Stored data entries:
▼

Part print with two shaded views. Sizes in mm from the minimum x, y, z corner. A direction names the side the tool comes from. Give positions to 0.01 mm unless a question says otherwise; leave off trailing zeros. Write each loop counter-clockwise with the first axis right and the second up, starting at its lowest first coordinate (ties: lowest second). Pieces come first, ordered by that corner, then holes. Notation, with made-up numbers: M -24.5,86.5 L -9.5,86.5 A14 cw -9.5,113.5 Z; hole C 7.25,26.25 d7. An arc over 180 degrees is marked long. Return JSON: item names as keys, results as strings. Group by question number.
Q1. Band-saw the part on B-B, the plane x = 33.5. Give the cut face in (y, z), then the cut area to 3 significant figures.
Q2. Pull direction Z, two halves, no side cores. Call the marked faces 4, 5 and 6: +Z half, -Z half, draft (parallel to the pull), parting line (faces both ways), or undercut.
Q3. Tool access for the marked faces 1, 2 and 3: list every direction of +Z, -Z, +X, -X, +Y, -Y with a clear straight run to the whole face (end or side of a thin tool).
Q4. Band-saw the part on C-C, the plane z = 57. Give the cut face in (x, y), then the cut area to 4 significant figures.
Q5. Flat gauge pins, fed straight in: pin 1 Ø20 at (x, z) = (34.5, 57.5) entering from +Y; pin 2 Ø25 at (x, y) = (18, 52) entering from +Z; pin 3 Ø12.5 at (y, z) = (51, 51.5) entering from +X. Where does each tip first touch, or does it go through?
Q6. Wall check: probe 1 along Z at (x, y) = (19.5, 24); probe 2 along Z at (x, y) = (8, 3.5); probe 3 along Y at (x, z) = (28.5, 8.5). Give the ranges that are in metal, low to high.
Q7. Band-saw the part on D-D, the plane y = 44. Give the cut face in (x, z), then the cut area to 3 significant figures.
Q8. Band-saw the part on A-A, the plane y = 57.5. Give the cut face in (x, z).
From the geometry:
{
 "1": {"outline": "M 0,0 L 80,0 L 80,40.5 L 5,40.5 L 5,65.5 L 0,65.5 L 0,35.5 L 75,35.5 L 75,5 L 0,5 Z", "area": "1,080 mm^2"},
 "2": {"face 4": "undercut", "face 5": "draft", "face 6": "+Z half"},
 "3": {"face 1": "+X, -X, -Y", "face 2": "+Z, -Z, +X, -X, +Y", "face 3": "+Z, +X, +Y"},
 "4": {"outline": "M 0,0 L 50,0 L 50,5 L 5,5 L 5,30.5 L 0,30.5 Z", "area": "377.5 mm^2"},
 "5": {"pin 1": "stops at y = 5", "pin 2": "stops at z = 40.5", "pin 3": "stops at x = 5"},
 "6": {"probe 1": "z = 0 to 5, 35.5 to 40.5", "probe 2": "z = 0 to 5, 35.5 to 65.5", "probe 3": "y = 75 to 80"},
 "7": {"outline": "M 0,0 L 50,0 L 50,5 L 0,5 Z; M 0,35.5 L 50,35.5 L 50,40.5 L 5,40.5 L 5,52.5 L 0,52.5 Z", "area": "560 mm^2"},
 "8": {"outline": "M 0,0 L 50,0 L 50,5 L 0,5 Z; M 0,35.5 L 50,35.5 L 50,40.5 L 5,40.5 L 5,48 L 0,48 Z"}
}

▲

Return all lines from the data that include the string "each".

**Task answer**
Part print with two shaded views. Sizes in mm from the minimum x, y, z corner. A direction names the side the tool comes from. Give positions to 0.01 mm unless a question says otherwise; leave off trailing zeros. Write each loop counter-clockwise with the first axis right and the second up, starting at its lowest first coordinate (ties: lowest second). Pieces come first, ordered by that corner, then holes. Notation, with made-up numbers: M -24.5,86.5 L -9.5,86.5 A14 cw -9.5,113.5 Z; hole C 7.25,26.25 d7. An arc over 180 degrees is marked long. Return JSON: item names as keys, results as strings. Group by question number.
Q5. Flat gauge pins, fed straight in: pin 1 Ø20 at (x, z) = (34.5, 57.5) entering from +Y; pin 2 Ø25 at (x, y) = (18, 52) entering from +Z; pin 3 Ø12.5 at (y, z) = (51, 51.5) entering from +X. Where does each tip first touch, or does it go through?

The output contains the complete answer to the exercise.